Silver fell on Thursday, with XAG/USD trading near $72.82, down almost 3.0% on the day. It briefly slipped below $70 during the European session amid pressure linked to the US–Israel war with Iran.
A firmer US Dollar and higher Oil prices added to inflation concerns and supported expectations of tighter monetary policy, especially from the Federal Reserve. Higher-for-longer rate expectations weighed on the non-yielding metal, even as demand for safer assets remained present.
Technically, price action stayed capped near the 100-day Simple Moving Average at about $75.63, while remaining above the 200-day SMA at $59.06. The RSI was 43.64, below 50, and the MACD (12, 26, 9) sat above its signal line but below zero.
Resistance levels were marked at $75.60, then the 50-day SMA near $82.90, and the February swing high around $96.62. Support was seen in the $70–$68 area, then the March low near $61.01, close to the 200-day SMA.

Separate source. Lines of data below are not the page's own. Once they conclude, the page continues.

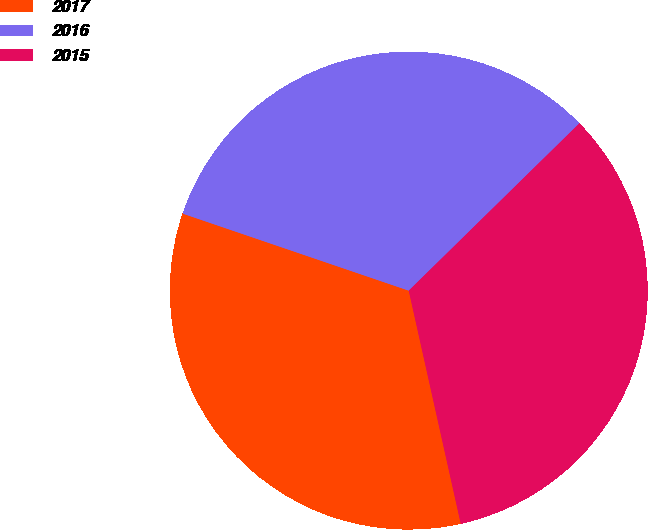<chart> <loc_0><loc_0><loc_500><loc_500><pie_chart><fcel>2017<fcel>2016<fcel>2015<nl><fcel>33.72%<fcel>32.43%<fcel>33.85%<nl></chart> 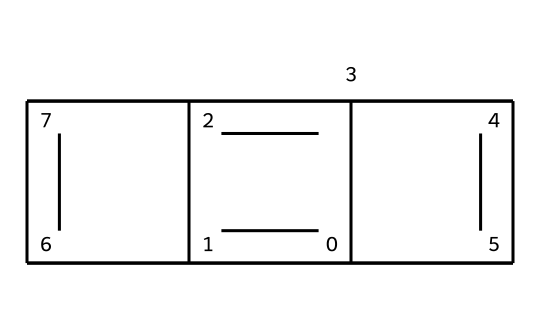What is the main type of bonding present in this chemical structure? The chemical structure primarily consists of carbon atoms arranged in a layered hexagonal lattice, which indicates strong covalent bonding between carbon atoms.
Answer: covalent How many carbon atoms are present in the structure? By analyzing the SMILES representation, we can count that there are a total of six carbon atoms represented in the structure.
Answer: six Does the structure have any functional groups? The provided SMILES representation indicates that the structure is made up solely of carbon atoms arranged in a specific manner, without any additional functional groups.
Answer: no What is the primary use of this compound in metalworking? As a dry lubricant, the primary use of graphite is to reduce friction between metal surfaces during machining or assembly processes.
Answer: dry lubricant Why is graphite considered effective as a dry lubricant? Graphite has a layered structure that allows the layers to slide over each other easily, reducing friction and wear between moving metal parts.
Answer: layered structure

Silver prices are shaped by geopolitical risk, interest rates, the US Dollar, investment demand, mining supply and recycling. Industrial use and moves in Gold, including the Gold/Silver ratio, can also affect pricing.
Given the current headwinds, we see continued short-term pressure on silver. The ongoing conflict in the Middle East has kept the U.S. Dollar Index firm, recently hovering around the 106 mark, which makes dollar-priced silver more expensive for foreign buyers. This, combined with sticky inflation data from March 2026, reinforces our view that the Federal Reserve will delay any potential interest rate cuts.

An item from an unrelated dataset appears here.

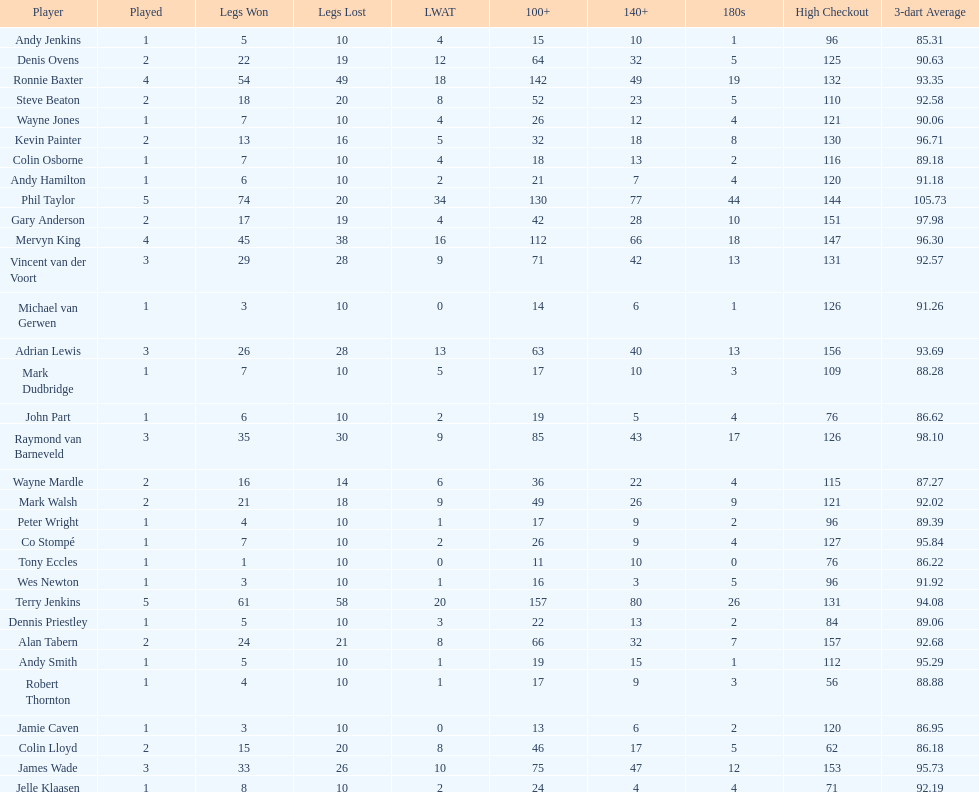What are the number of legs lost by james wade? 26.

For derivative traders, this suggests a bearish stance in the immediate term, with the $75.60 level acting as a formidable ceiling. We have seen repeated failures to break above this 100-day moving average, making it a key area to trade against. Selling futures or buying put options with an expiration in the next few weeks could be a strategy to capitalize on this weakness.
Immediate support is in the $68-$70 zone, and a decisive break below this could open the door for a slide towards the 200-day moving average near $60. Looking back at 2025, we saw similar pullbacks find strong buyers at these lower levels, so this would be a critical test of the larger uptrend. Traders should watch for signs of stabilization in that area for a potential reversal.
However, we must also consider the strong fundamental picture for silver’s industrial use. Demand from the solar and electronics sectors continued to set records through 2025, and this underlying consumption provides a long-term floor for prices. This suggests that while short-term trades may be bearish, deeper dips could present compelling long-term buying opportunities.
The Gold/Silver ratio, which spent much of 2025 above 85, also remains historically high, suggesting silver is undervalued relative to gold. This may attract long-term investors if prices fall toward the March 2026 lows. Therefore, traders might consider a strategy of short-term bearish positions while simultaneously planning to build long-term call option positions on any significant price drops toward the low $60s.